Pseudo-labels distilled from Qwen3-Omni inherit LLM-judge biases, limiting the upper bound.
Human agreement on the CMI-Pref test set is ~75%, reflecting the high subjective noise in compositional music preferences.
Some resources (AIME, MusicPref) were excluded from the main benchmark due to split alignment issues.
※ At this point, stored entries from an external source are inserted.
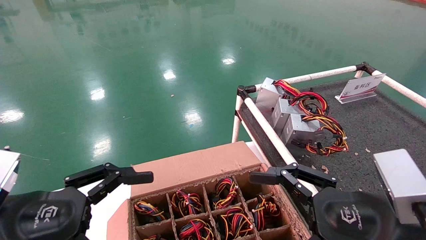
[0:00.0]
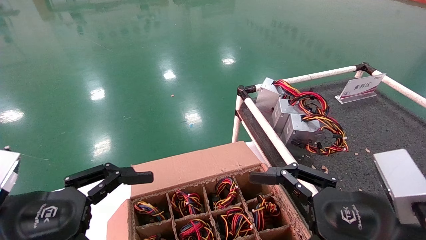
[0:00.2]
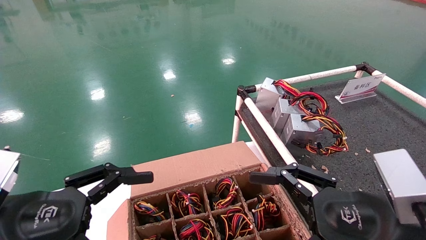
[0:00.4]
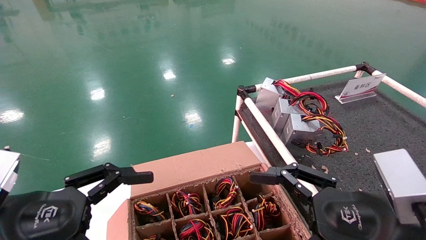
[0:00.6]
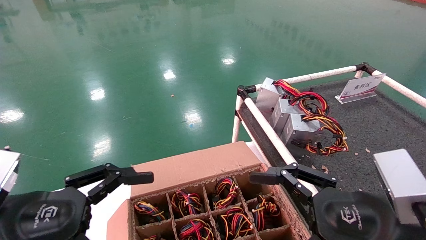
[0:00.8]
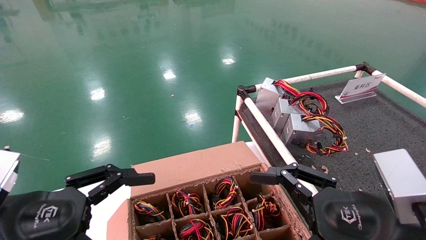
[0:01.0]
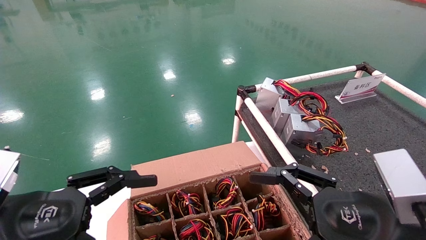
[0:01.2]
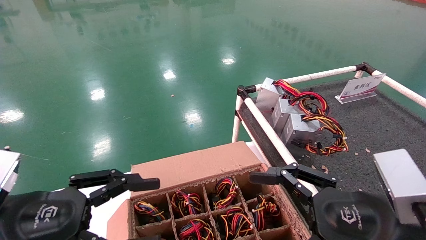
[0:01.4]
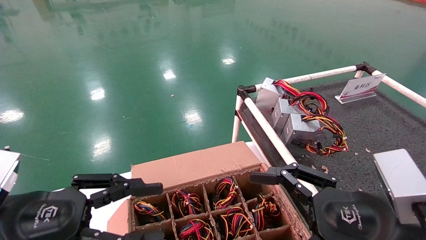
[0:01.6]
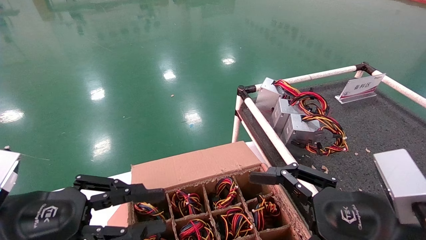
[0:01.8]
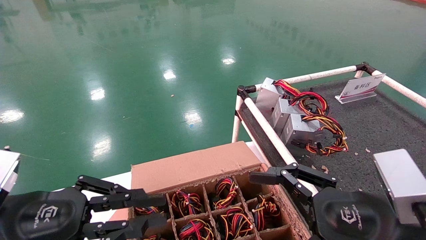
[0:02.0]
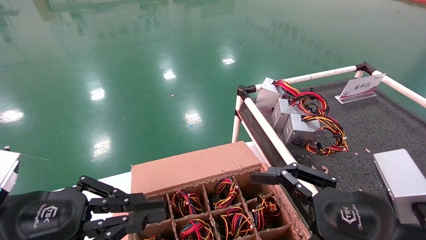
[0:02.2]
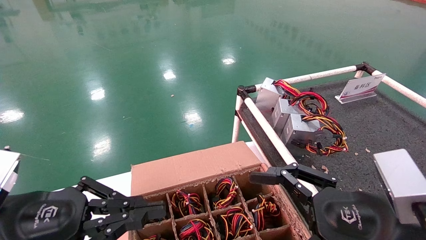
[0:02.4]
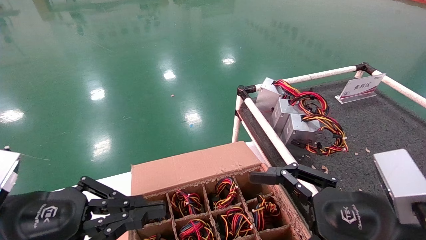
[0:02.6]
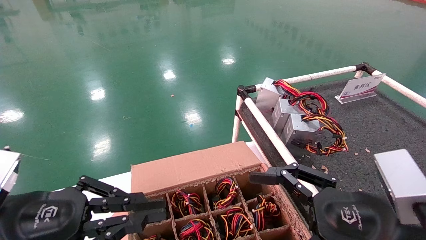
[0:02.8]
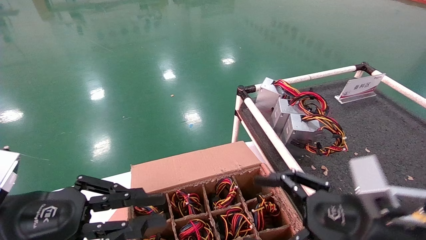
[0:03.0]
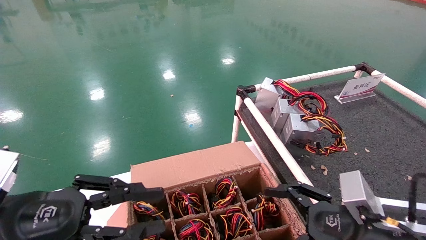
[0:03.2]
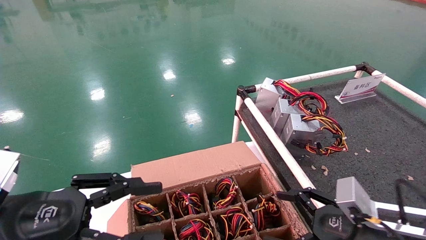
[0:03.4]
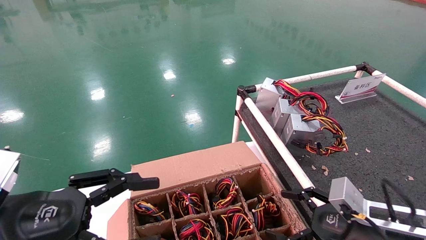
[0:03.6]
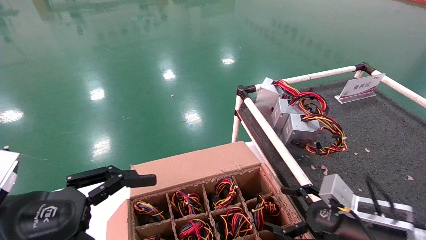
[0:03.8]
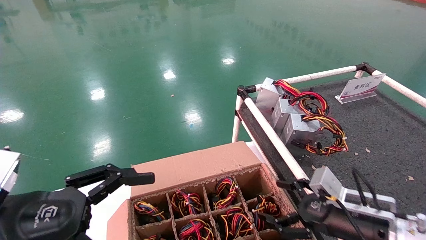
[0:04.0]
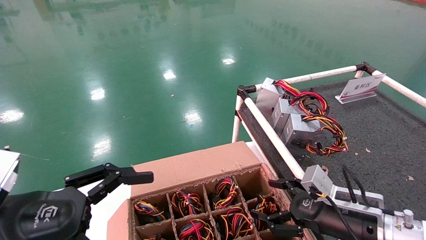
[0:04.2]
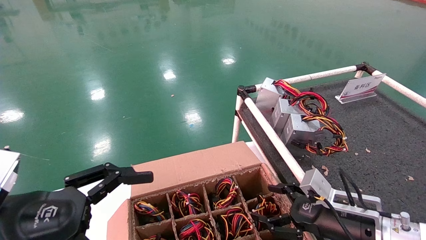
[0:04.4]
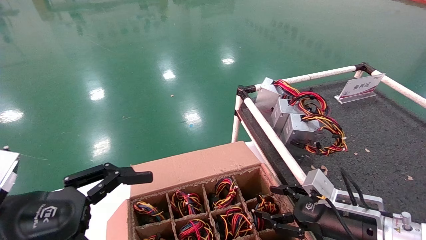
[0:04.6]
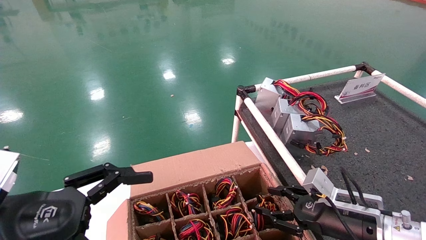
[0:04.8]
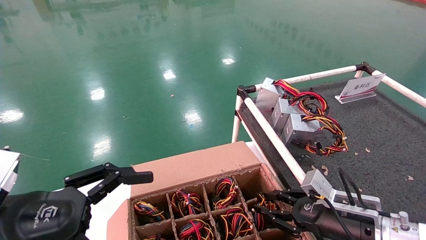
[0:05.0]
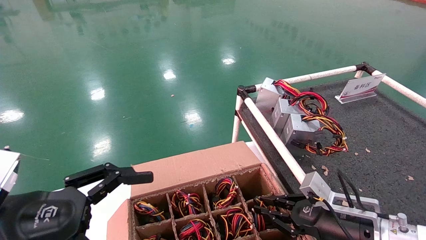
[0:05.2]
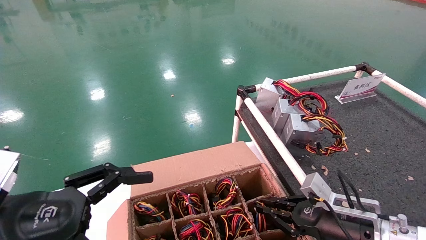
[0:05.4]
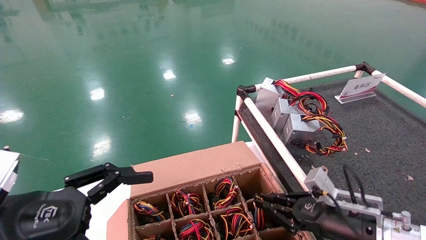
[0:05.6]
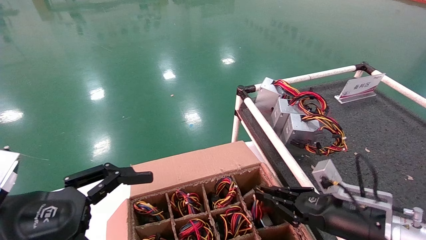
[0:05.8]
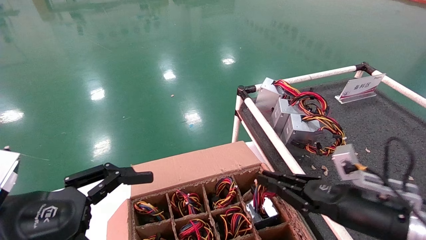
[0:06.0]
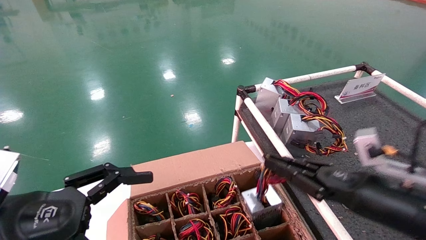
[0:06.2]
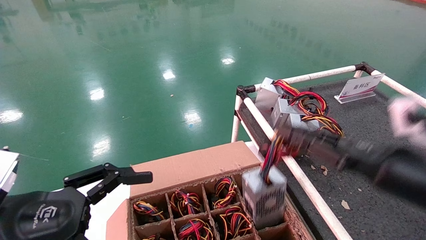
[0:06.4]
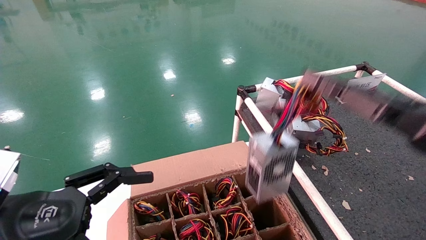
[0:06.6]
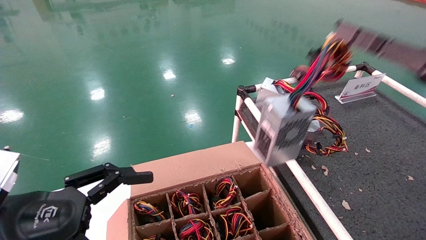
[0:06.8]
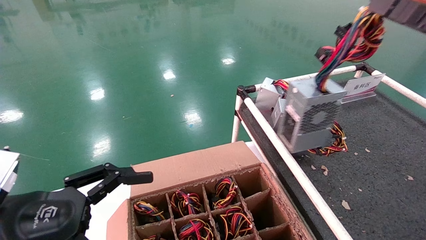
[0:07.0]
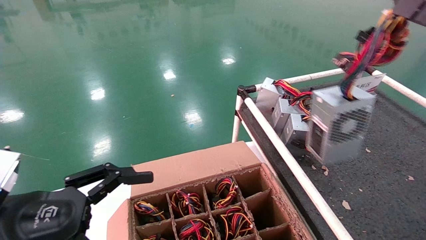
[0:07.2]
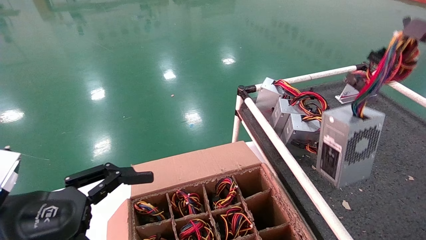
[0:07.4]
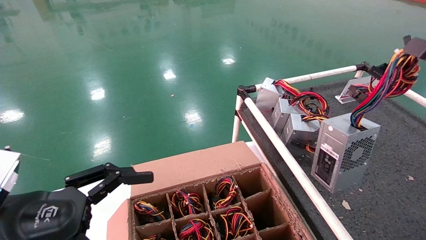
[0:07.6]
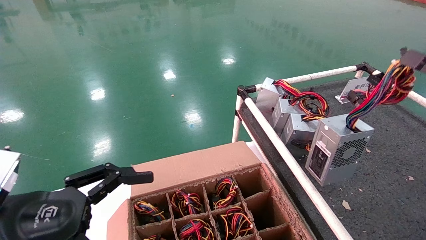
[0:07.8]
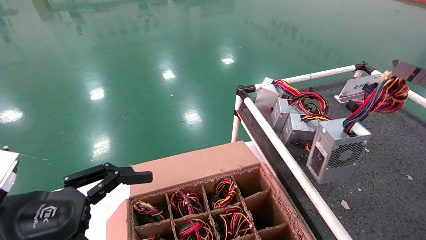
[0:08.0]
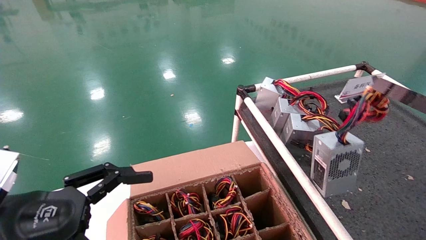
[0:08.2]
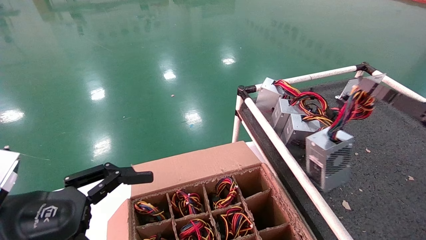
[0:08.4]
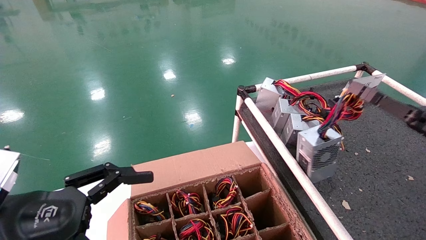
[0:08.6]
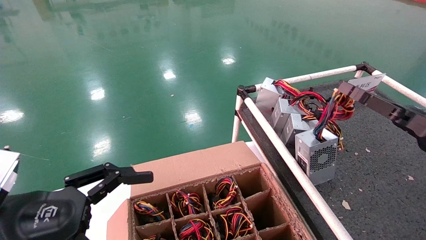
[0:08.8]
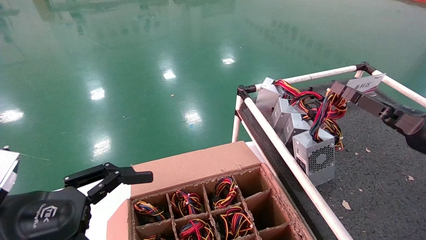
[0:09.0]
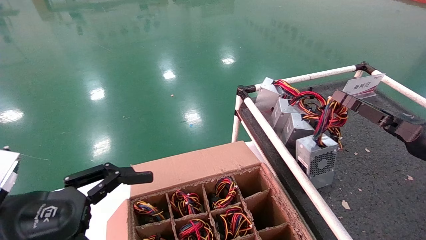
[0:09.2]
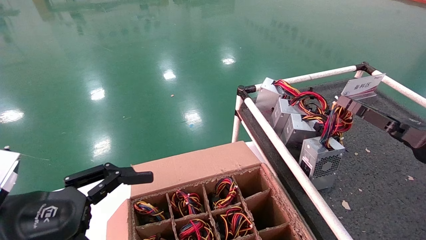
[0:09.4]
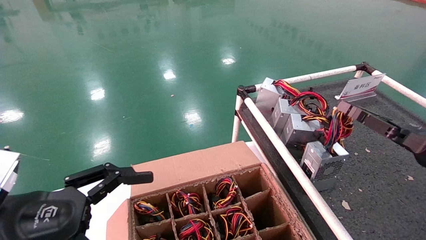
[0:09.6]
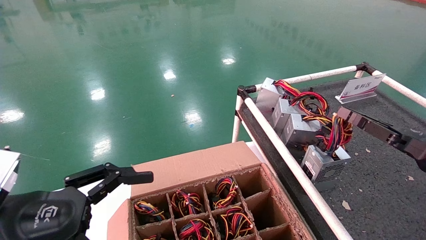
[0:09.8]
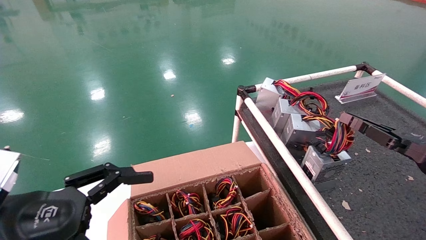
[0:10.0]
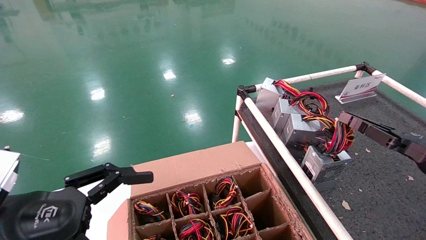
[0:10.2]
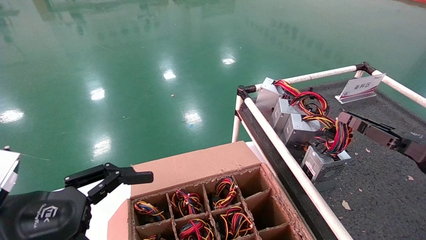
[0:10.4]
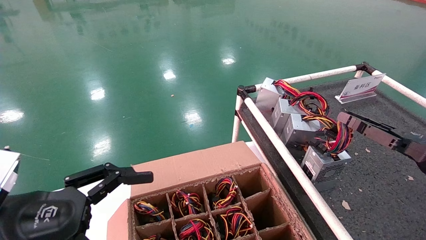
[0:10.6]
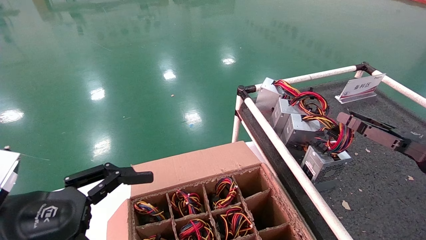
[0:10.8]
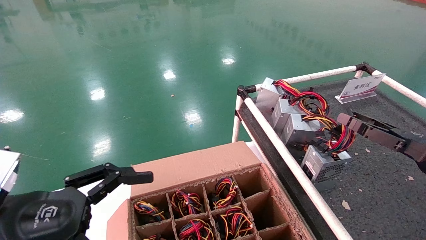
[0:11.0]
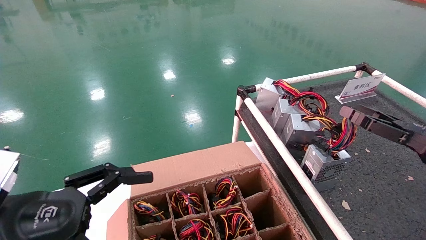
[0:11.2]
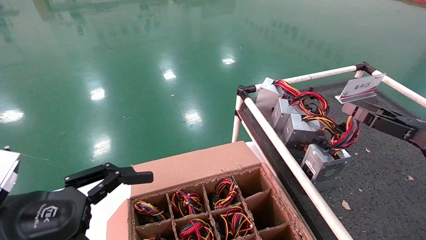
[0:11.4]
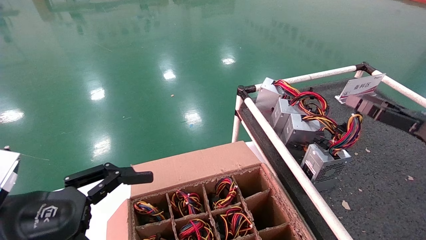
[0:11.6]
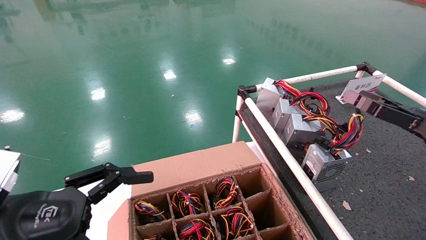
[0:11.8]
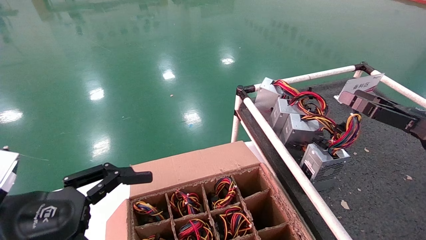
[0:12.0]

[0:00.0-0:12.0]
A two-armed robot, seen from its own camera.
Step, 0:00.8 to 0:05.2: Grab and lift the power supply from the large box.
Step, 0:05.4 to 0:10.2: Place the power supply on the operating table.
0:00.0 to 0:01.6: The left gripper closes.
0:01.6 to 0:03.0: The left gripper closes.
0:03.0 to 0:04.4: The right gripper shifts about 10 cm forward and downward, while the left gripper opens up.
0:04.4 to 0:06.0: The right gripper ends up approximately 5 cm from where it was, and closes its fingers.
0:06.0 to 0:07.6: The right gripper is displaced upward, to the right and backward by roughly 25 cm.
0:07.6 to 0:09.0: The right gripper moves forward and downward, about 15 cm.
0:09.0 to 0:10.4: The grippers make only small movements.
0:10.4 to 0:12.0: The right gripper ends up about 5 cm from where it was, and opens up.

vs MOS Predictors (PAM, SongEval): They are single-dimensional and rigid; CMI-RM outputs two dimensions and supports arbitrary combinations with less weight.
vs Alignment Metrics (CLAP, MuQ-MuLan): These focus on text-to-audio; Ours adds lyrics/audio conditions and treats alignment as a trainable human proxy.
vs Preference Platforms (Music Arena): Mostly text-to-music; CMI-Pref is the first large-scale compositional preference dataset with lyrics and audio.
vs LLM-as-a-judge: Proprietary and un-optimized for music; this work shows MLLMs still have gaps and provides a parameter-efficient alternative.

Rating¶

Novelty: ⭐⭐⭐⭐⭐ First to unify "Compositional Multimodal Instruction" for music evaluation with a full ecosystem.
Experimental Thoroughness: ⭐⭐⭐⭐ Broad coverage across four sources; however, some per-task values are primarily in the appendix.
Writing Quality: ⭐⭐⭐⭐ Clear motivation and architecture; rigorous formulas.
Value: ⭐⭐⭐⭐⭐ Open-sourced data/weights/benchmark; high practical value for AIGC post-training.